Assigned task. Up to and including the line with "shelving unit (779,121,1100,575)", restate every line of the records below word for word, from the first line on, leaving out the pictures.

Excerpts from a dataset:
++++

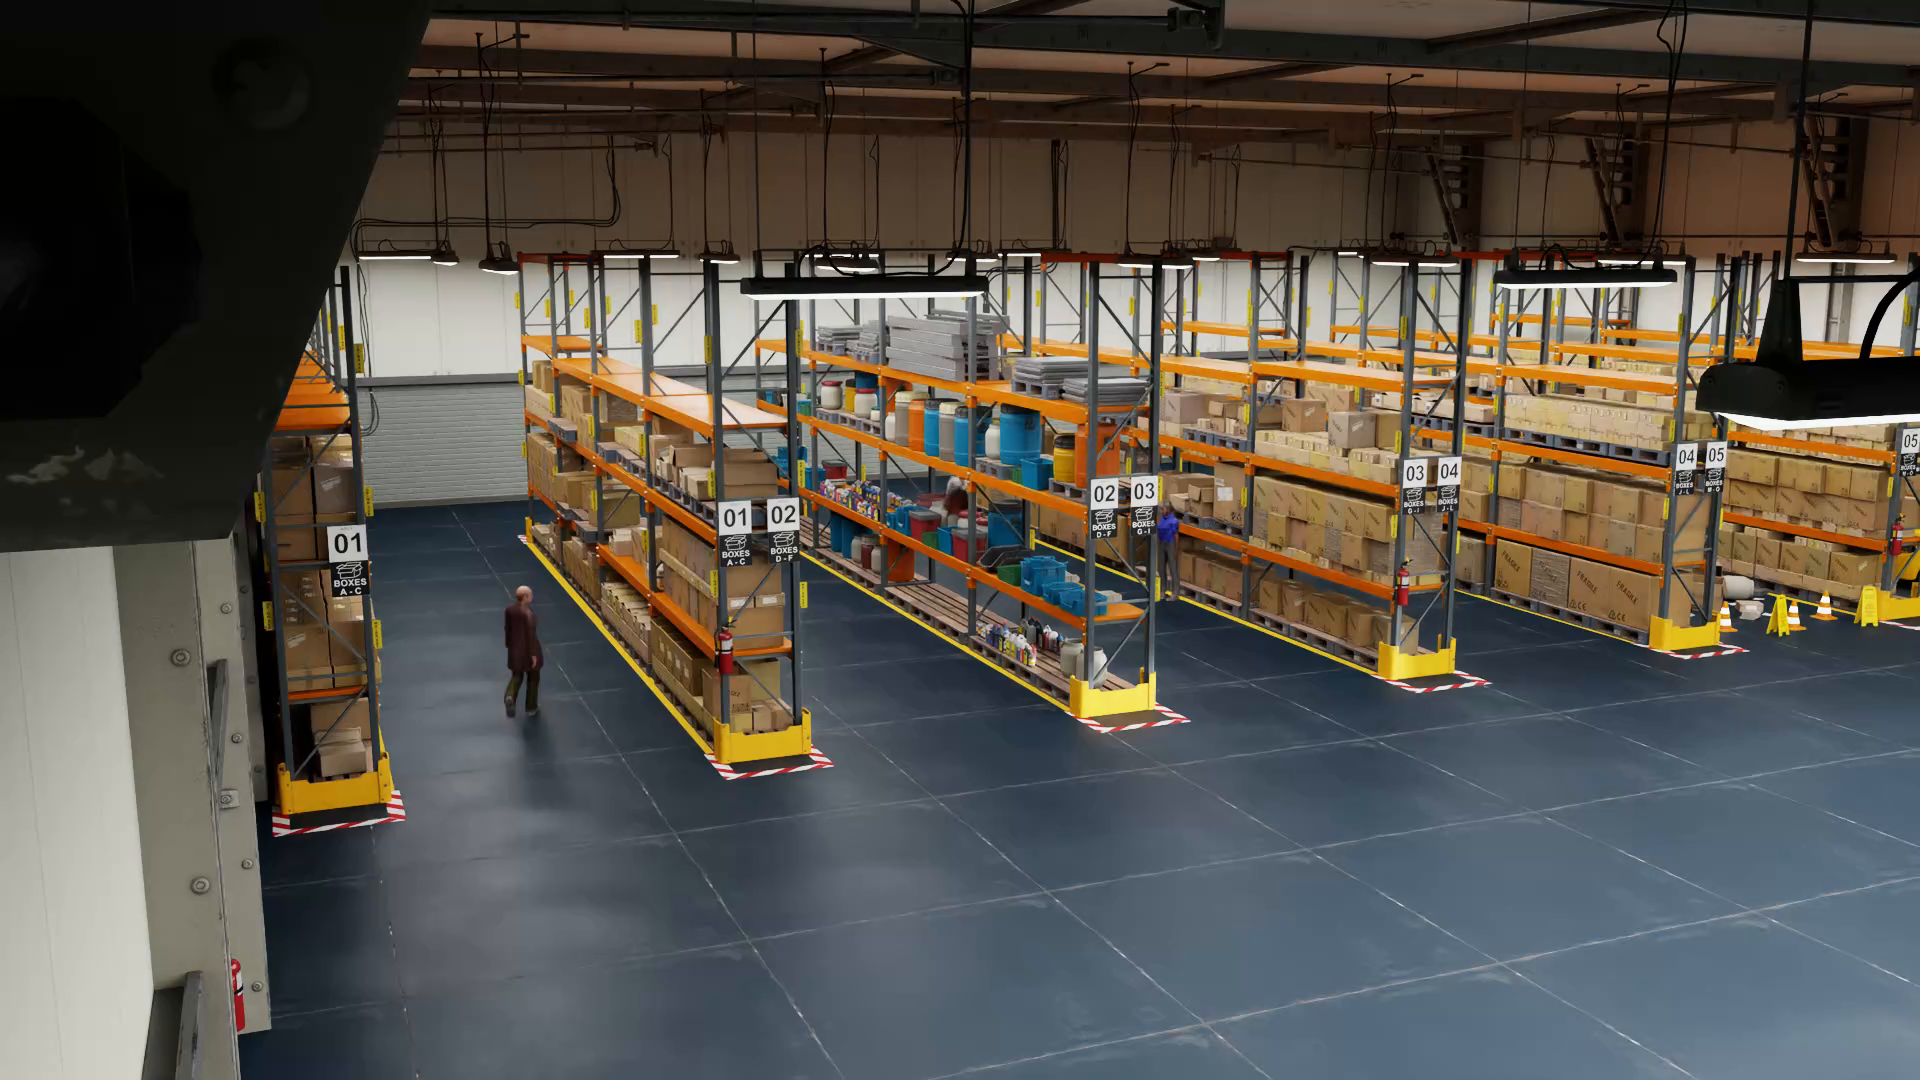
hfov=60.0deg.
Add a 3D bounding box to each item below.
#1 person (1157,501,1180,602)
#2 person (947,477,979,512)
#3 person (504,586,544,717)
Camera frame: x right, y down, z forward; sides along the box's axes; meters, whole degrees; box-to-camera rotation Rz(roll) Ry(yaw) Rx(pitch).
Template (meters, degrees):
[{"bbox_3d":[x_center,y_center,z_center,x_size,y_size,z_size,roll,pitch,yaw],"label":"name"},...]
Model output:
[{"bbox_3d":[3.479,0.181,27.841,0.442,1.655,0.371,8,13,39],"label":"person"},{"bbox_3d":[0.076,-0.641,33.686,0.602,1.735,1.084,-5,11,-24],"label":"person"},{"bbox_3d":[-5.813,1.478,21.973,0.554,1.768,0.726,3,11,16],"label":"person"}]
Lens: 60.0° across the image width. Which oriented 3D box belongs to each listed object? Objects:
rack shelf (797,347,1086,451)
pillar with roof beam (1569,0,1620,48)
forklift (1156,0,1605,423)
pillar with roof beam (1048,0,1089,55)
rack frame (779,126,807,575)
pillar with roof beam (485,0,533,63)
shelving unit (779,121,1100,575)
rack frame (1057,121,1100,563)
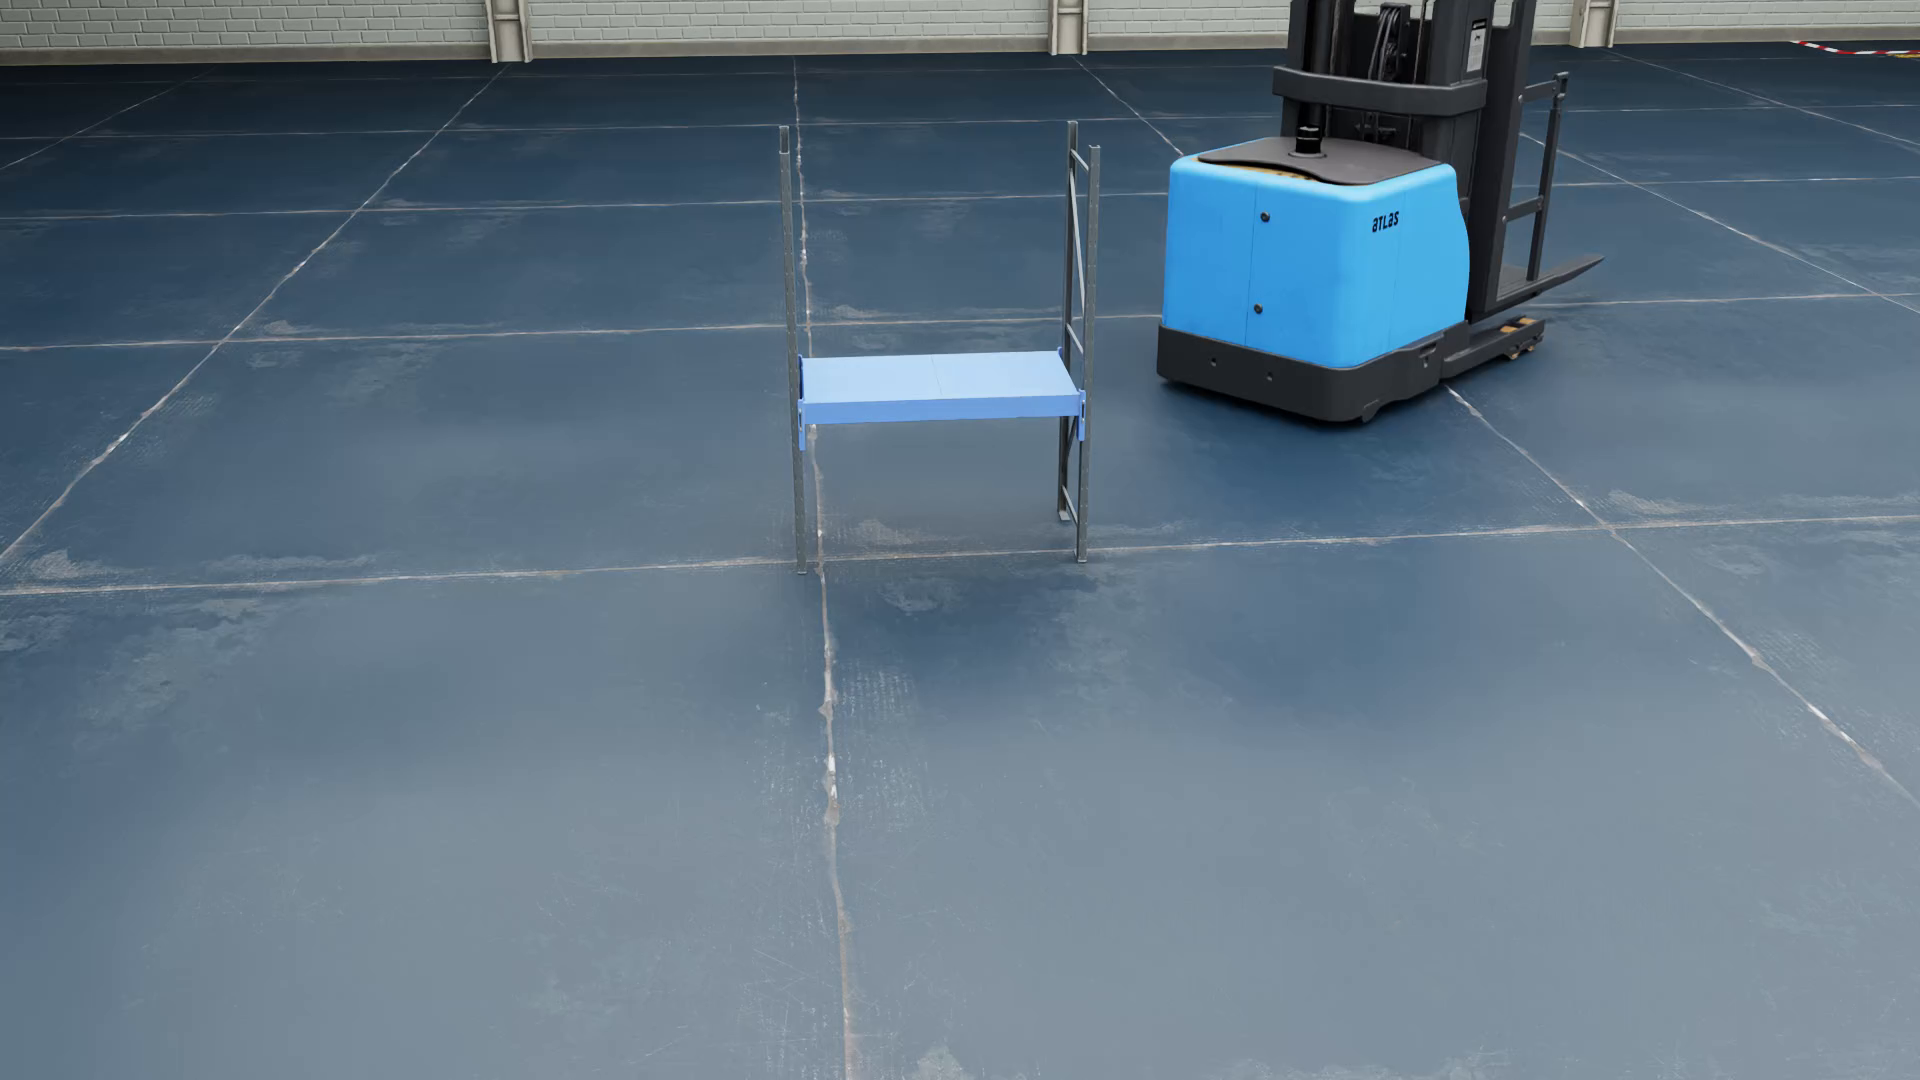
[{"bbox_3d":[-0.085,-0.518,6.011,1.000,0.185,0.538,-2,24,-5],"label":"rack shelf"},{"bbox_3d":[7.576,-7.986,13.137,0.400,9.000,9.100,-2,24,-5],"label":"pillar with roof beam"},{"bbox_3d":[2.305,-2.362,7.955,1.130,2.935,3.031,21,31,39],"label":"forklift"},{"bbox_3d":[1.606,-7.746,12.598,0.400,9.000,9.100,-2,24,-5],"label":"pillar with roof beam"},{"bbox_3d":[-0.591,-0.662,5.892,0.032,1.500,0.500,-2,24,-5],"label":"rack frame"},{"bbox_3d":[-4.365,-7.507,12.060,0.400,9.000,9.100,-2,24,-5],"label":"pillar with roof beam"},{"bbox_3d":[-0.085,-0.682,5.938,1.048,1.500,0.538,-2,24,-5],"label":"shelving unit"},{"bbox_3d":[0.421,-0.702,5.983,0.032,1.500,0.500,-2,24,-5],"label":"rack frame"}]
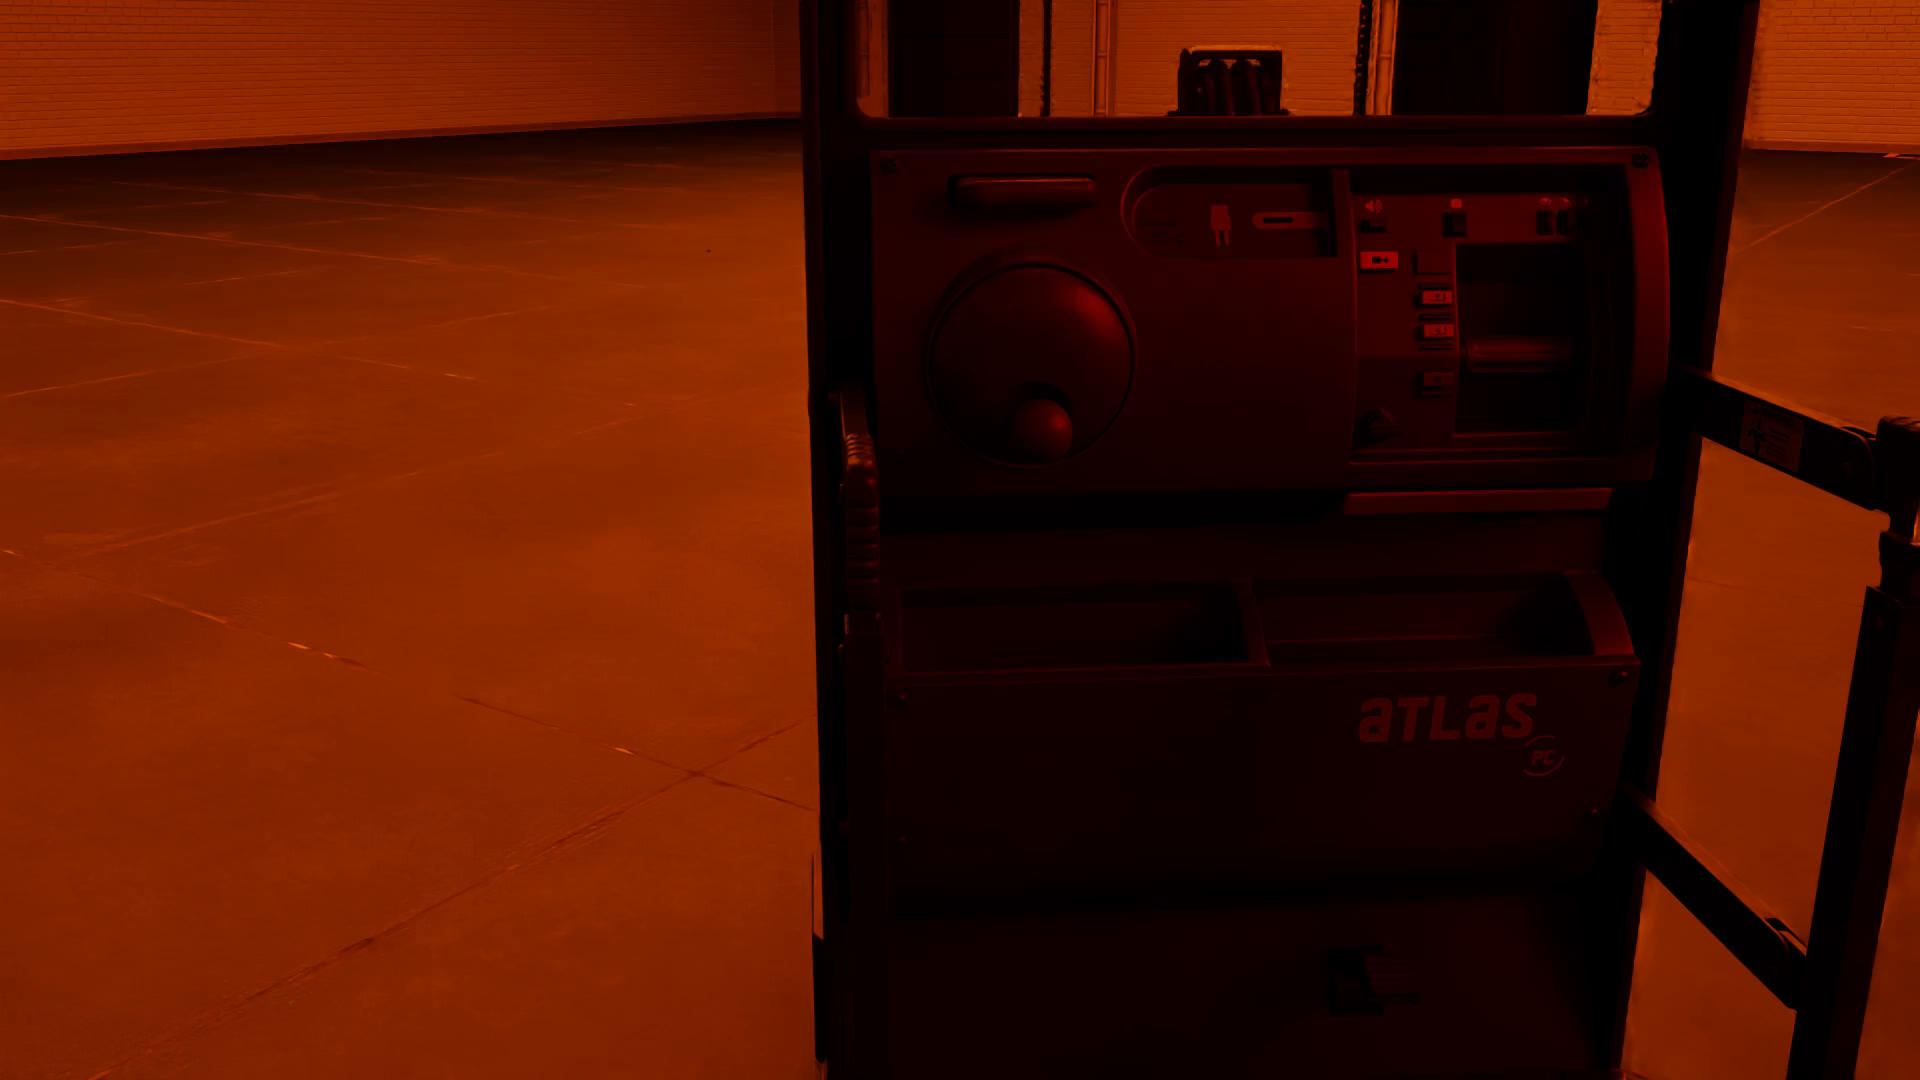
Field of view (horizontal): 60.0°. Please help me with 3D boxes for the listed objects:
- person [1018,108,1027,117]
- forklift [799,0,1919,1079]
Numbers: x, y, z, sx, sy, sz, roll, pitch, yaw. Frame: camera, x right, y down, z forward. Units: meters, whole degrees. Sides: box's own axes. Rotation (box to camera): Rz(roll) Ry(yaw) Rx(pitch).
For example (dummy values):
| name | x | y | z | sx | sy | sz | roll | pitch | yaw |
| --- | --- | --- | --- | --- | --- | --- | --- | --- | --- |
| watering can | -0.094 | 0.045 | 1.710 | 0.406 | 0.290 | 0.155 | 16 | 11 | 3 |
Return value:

++++

Response box.
hfov=60.0deg.
Add a 3D bounding box to each item below.
#1 person (1157,501,1180,602)
#2 person (947,477,979,512)
#3 person (504,586,544,717)
Camera frame: x right, y down, z forward; sides along the box's axes; meters, whole degrees; box-to-camera rotation Rz(roll) Ry(yaw) Rx(pitch).
Template (meters, degrees):
[{"bbox_3d":[x_center,y_center,z_center,x_size,y_size,z_size,roll,pitch,yaw],"label":"name"},...]
Model output:
[{"bbox_3d":[3.479,0.181,27.841,0.442,1.655,0.371,8,13,39],"label":"person"},{"bbox_3d":[0.076,-0.641,33.686,0.602,1.735,1.084,-5,11,-24],"label":"person"},{"bbox_3d":[-5.813,1.478,21.973,0.554,1.768,0.726,3,11,16],"label":"person"}]
Lens: 60.0° across the image width. Which oriented 3D box belongs to each listed object? Objects:
rack shelf (797,347,1086,451)
pillar with roof beam (1569,0,1620,48)
forklift (1156,0,1605,423)
pillar with roof beam (1048,0,1089,55)
rack frame (779,126,807,575)
pillar with roof beam (485,0,533,63)
shelving unit (779,121,1100,575)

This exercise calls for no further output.